Brief: Which lines in the data contain the word "eerste"? Please copy each of them.

[Items listed in a dataset]
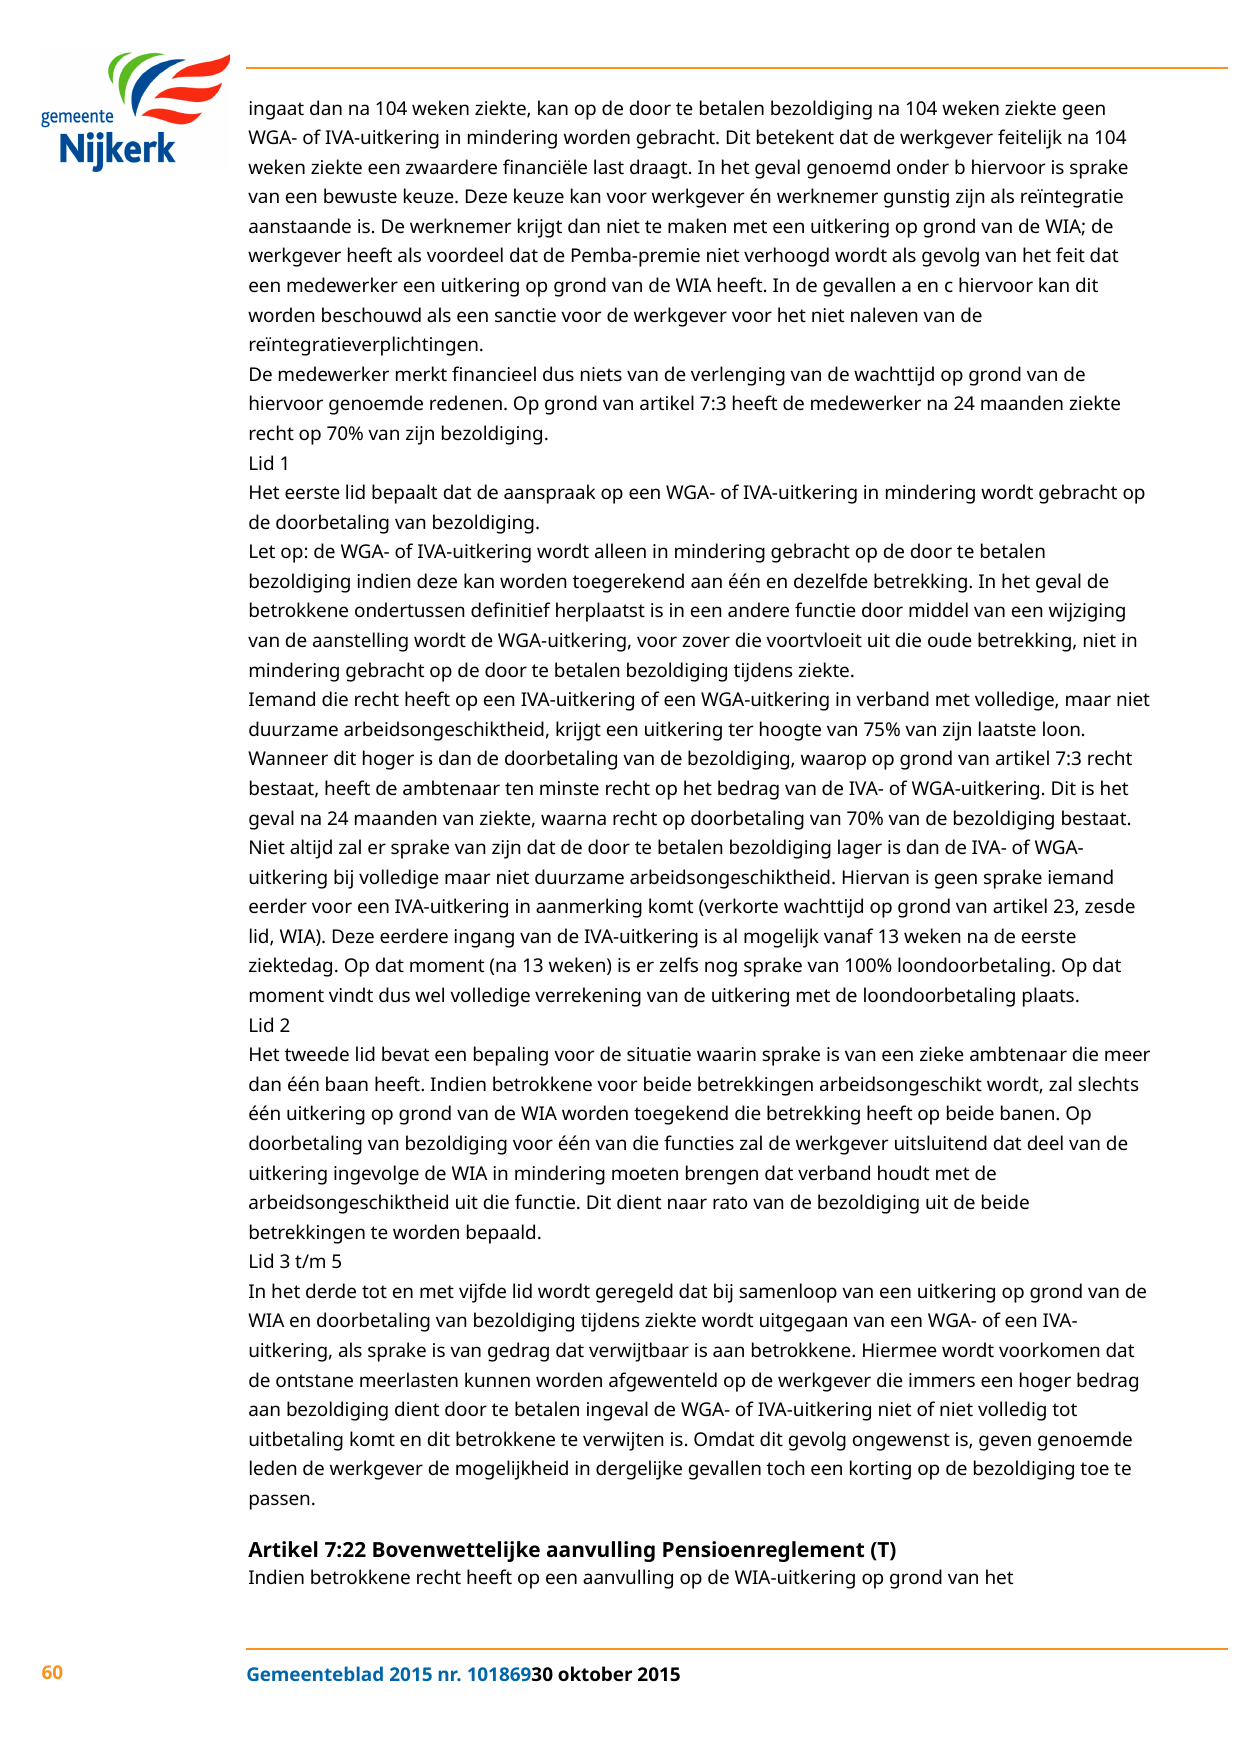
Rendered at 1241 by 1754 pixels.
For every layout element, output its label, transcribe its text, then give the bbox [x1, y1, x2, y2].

text Lid 1 [248, 450, 1152, 476]
text Niet altijd zal er sprake van zijn dat de door te betalen bezoldiging lager is dan de IVA- of WGA-uitkering bij volledige maar niet duurzame arbeidsongeschiktheid. Hiervan is geen sprake iemand eerder voor een IVA-uitkering in aanmerking komt (verkorte wachttijd op grond van artikel 23, zesde lid, WIA). Deze eerdere ingang van de IVA-uitkering is al mogelijk vanaf 13 weken na de eerste ziektedag. Op dat moment (na 13 weken) is er zelfs nog sprake van 100% loondoorbetaling. Op dat moment vindt dus wel volledige verrekening van de uitkering met de loondoorbetaling plaats. [248, 834, 1152, 1008]
text Artikel 7:22 Bovenwettelijke aanvulling Pensioenreglement (T) [248, 1536, 1152, 1564]
text Indien betrokkene recht heeft op een aanvulling op de WIA-uitkering op grond van het [248, 1564, 1152, 1590]
text In het derde tot en met vijfde lid wordt geregeld dat bij samenloop van een uitkering op grond van de WIA en doorbetaling van bezoldiging tijdens ziekte wordt uitgegaan van een WGA- of een IVA-uitkering, als sprake is van gedrag dat verwijtbaar is aan betrokkene. Hiermee wordt voorkomen dat de ontstane meerlasten kunnen worden afgewenteld op de werkgever die immers een hoger bedrag aan bezoldiging dient door te betalen ingeval de WGA- of IVA-uitkering niet of niet volledig tot uitbetaling komt en dit betrokkene te verwijten is. Omdat dit gevolg ongewenst is, geven genoemde leden de werkgever de mogelijkheid in dergelijke gevallen toch een korting op de bezoldiging toe te passen. [248, 1278, 1152, 1511]
picture [41, 47, 231, 172]
text Iemand die recht heeft op een IVA-uitkering of een WGA-uitkering in verband met volledige, maar niet duurzame arbeidsongeschiktheid, krijgt een uitkering ter hoogte van 75% van zijn laatste loon. Wanneer dit hoger is dan de doorbetaling van de bezoldiging, waarop op grond van artikel 7:3 recht bestaat, heeft de ambtenaar ten minste recht op het bedrag van de IVA- of WGA-uitkering. Dit is het geval na 24 maanden van ziekte, waarna recht op doorbetaling van 70% van de bezoldiging bestaat. [248, 686, 1152, 831]
text Let op: de WGA- of IVA-uitkering wordt alleen in mindering gebracht op de door te betalen bezoldiging indien deze kan worden toegerekend aan één en dezelfde betrekking. In het geval de betrokkene ondertussen definitief herplaatst is in een andere functie door middel van een wijziging van de aanstelling wordt de WGA-uitkering, voor zover die voortvloeit uit die oude betrekking, niet in mindering gebracht op de door te betalen bezoldiging tijdens ziekte. [248, 538, 1152, 683]
text ingaat dan na 104 weken ziekte, kan op de door te betalen bezoldiging na 104 weken ziekte geen WGA- of IVA-uitkering in mindering worden gebracht. Dit betekent dat de werkgever feitelijk na 104 weken ziekte een zwaardere financiële last draagt. In het geval genoemd onder b hiervoor is sprake van een bewuste keuze. Deze keuze kan voor werkgever én werknemer gunstig zijn als reïntegratie aanstaande is. De werknemer krijgt dan niet te maken met een uitkering op grond van de WIA; de werkgever heeft als voordeel dat de Pemba-premie niet verhoogd wordt als gevolg van het feit dat een medewerker een uitkering op grond van de WIA heeft. In de gevallen a en c hiervoor kan dit worden beschouwd als een sanctie voor de werkgever voor het niet naleven van de reïntegratieverplichtingen. [248, 95, 1152, 357]
text Lid 2 [248, 1012, 1152, 1038]
text Het tweede lid bevat een bepaling voor de situatie waarin sprake is van een zieke ambtenaar die meer dan één baan heeft. Indien betrokkene voor beide betrekkingen arbeidsongeschikt wordt, zal slechts één uitkering op grond van de WIA worden toegekend die betrekking heeft op beide banen. Op doorbetaling van bezoldiging voor één van die functies zal de werkgever uitsluitend dat deel van de uitkering ingevolge de WIA in mindering moeten brengen dat verband houdt met de arbeidsongeschiktheid uit die functie. Dit dient naar rato van de bezoldiging uit de beide betrekkingen te worden bepaald. [248, 1041, 1152, 1245]
text Lid 3 t/m 5 [248, 1248, 1152, 1274]
text De medewerker merkt financieel dus niets van de verlenging van de wachttijd op grond van de hiervoor genoemde redenen. Op grond van artikel 7:3 heeft de medewerker na 24 maanden ziekte recht op 70% van zijn bezoldiging. [248, 361, 1152, 446]
text Het eerste lid bepaalt dat de aanspraak op een WGA- of IVA-uitkering in mindering wordt gebracht op de doorbetaling van bezoldiging. [248, 479, 1152, 535]

Solution for this problem:
text Niet altijd zal er sprake van zijn dat de door te betalen bezoldiging lager is dan de IVA- of WGA-uitkering bij volledige maar niet duurzame arbeidsongeschiktheid. Hiervan is geen sprake iemand eerder voor een IVA-uitkering in aanmerking komt (verkorte wachttijd op grond van artikel 23, zesde lid, WIA). Deze eerdere ingang van de IVA-uitkering is al mogelijk vanaf 13 weken na de eerste ziektedag. Op dat moment (na 13 weken) is er zelfs nog sprake van 100% loondoorbetaling. Op dat moment vindt dus wel volledige verrekening van de uitkering met de loondoorbetaling plaats. [248, 834, 1152, 1008]
text Het eerste lid bepaalt dat de aanspraak op een WGA- of IVA-uitkering in mindering wordt gebracht op de doorbetaling van bezoldiging. [248, 479, 1152, 535]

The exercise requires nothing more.